§ **Assigned task**: Repeat the records below line by line, exactly, finishing on the line that contains "inscriptions: collector's mark: ‘Koninklijk".

§ **Records shown**:
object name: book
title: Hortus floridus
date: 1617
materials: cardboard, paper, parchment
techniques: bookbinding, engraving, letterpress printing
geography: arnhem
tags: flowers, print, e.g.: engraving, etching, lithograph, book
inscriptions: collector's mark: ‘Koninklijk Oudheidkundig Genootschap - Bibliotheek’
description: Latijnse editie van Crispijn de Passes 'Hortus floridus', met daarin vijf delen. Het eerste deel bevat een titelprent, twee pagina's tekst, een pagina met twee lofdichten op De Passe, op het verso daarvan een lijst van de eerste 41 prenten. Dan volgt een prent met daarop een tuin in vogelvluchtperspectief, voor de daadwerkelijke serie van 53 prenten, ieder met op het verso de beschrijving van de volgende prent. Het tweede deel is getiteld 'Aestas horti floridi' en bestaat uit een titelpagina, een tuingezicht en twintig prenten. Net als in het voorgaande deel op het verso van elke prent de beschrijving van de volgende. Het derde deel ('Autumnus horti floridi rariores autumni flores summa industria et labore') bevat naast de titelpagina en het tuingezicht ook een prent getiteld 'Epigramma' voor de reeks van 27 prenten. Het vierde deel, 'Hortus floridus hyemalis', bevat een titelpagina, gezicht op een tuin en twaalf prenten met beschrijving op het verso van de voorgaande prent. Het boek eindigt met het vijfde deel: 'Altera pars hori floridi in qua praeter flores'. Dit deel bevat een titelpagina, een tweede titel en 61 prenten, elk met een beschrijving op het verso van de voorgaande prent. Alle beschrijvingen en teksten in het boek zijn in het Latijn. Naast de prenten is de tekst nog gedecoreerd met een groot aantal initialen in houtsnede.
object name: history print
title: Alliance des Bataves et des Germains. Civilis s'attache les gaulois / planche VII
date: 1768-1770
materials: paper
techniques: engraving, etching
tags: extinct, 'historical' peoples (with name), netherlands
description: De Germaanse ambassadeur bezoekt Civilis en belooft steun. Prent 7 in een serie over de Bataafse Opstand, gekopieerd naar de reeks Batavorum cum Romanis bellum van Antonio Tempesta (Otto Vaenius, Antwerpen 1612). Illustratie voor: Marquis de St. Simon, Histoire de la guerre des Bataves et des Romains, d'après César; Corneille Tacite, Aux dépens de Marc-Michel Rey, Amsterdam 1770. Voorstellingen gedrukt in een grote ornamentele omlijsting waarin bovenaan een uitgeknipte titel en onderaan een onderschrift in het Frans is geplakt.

§ **Answer to this exercise**:
object name: book
title: Hortus floridus
date: 1617
materials: cardboard, paper, parchment
techniques: bookbinding, engraving, letterpress printing
geography: arnhem
tags: flowers, print, e.g.: engraving, etching, lithograph, book
inscriptions: collector's mark: ‘Koninklijk Oudheidkundig Genootschap - Bibliotheek’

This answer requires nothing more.